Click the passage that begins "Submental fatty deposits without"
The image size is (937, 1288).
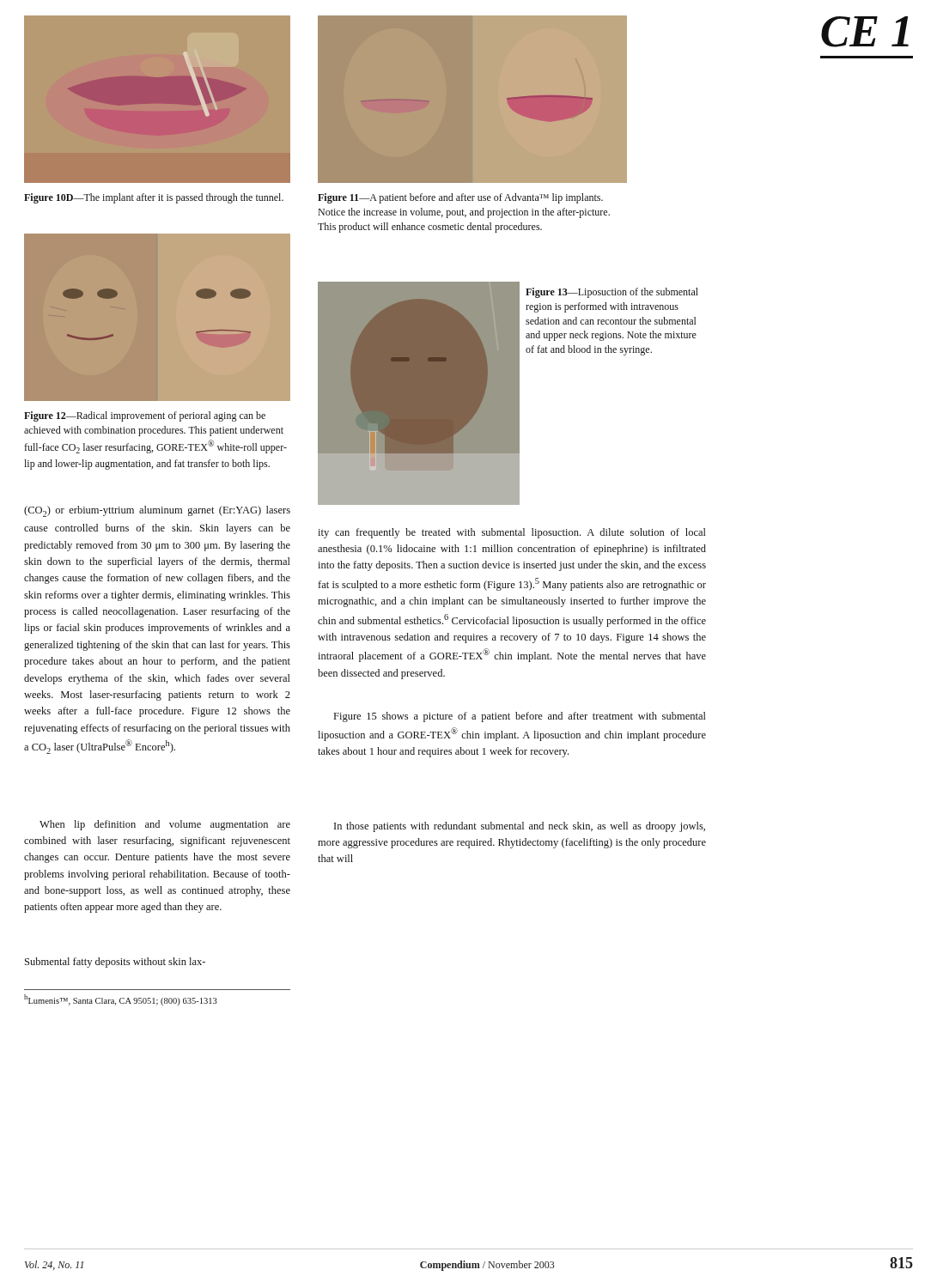[x=157, y=962]
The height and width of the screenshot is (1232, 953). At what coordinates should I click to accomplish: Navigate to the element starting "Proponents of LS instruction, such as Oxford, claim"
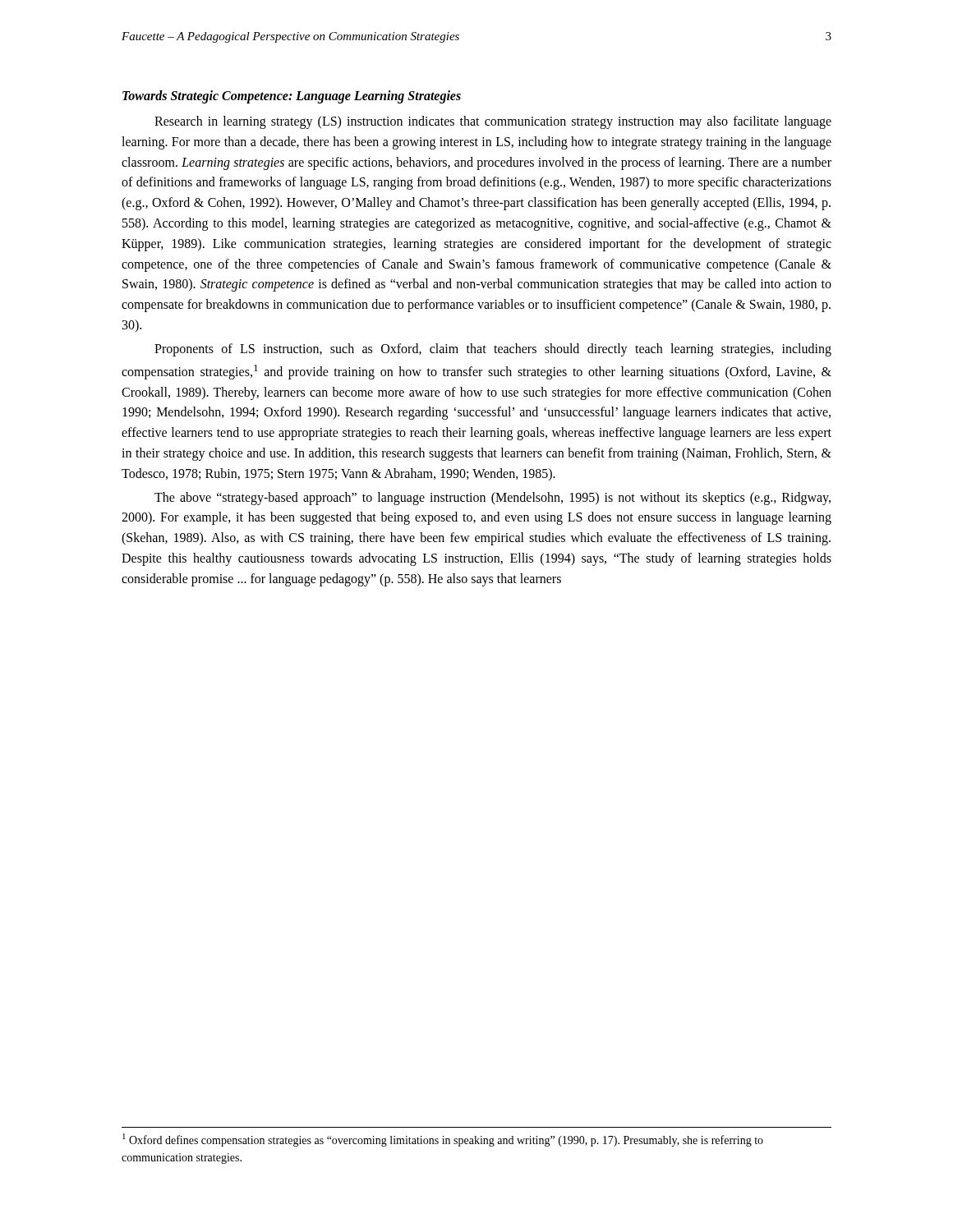(476, 412)
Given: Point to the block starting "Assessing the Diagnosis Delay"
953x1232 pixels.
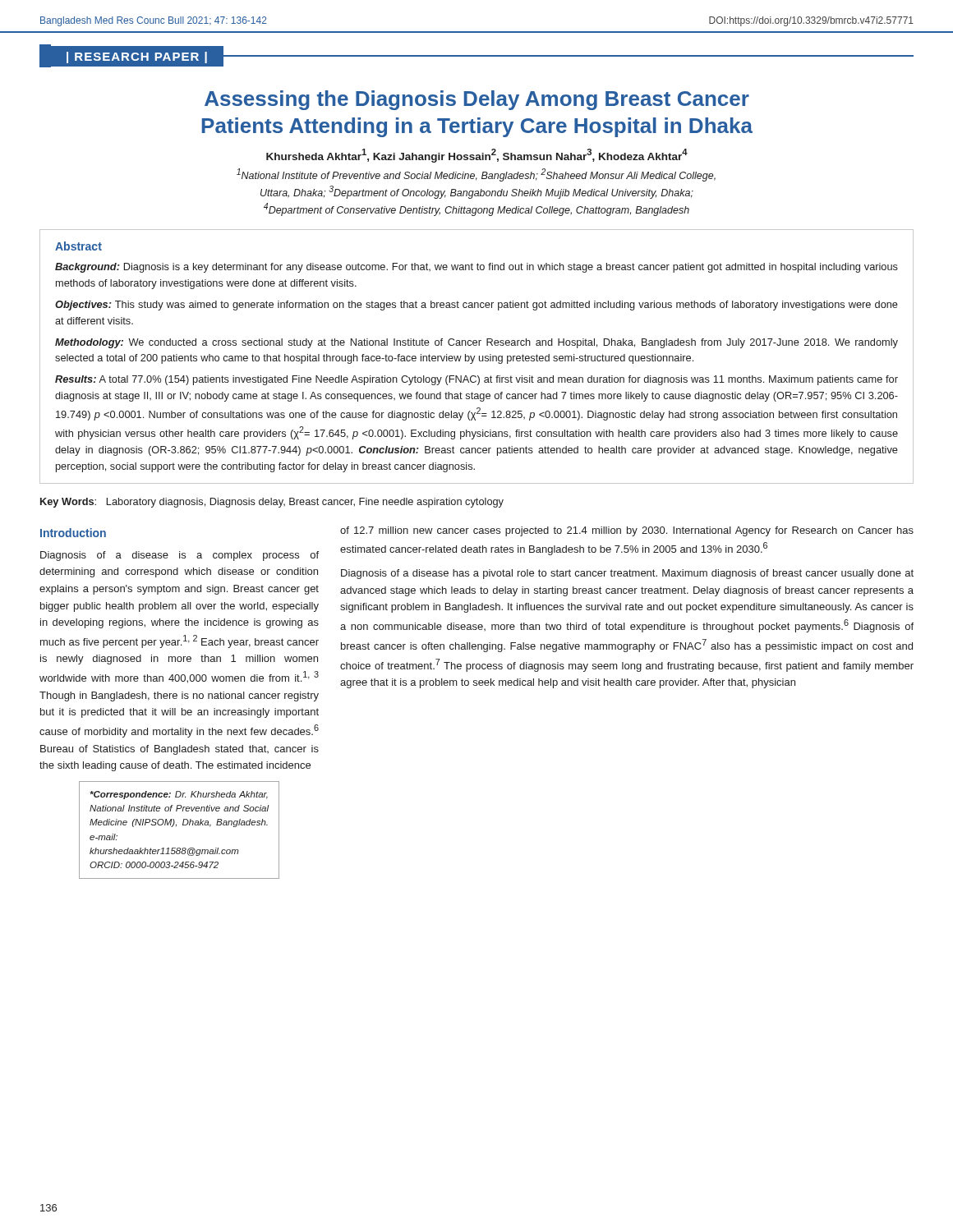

*Assignment*: Restate word for word the lines running from the one with "Given: Point to" to the end of the entries; pictures are to be left out.

*Exercise answer*:
Given: Point to the block starting "Assessing the Diagnosis Delay"
953x1232 pixels.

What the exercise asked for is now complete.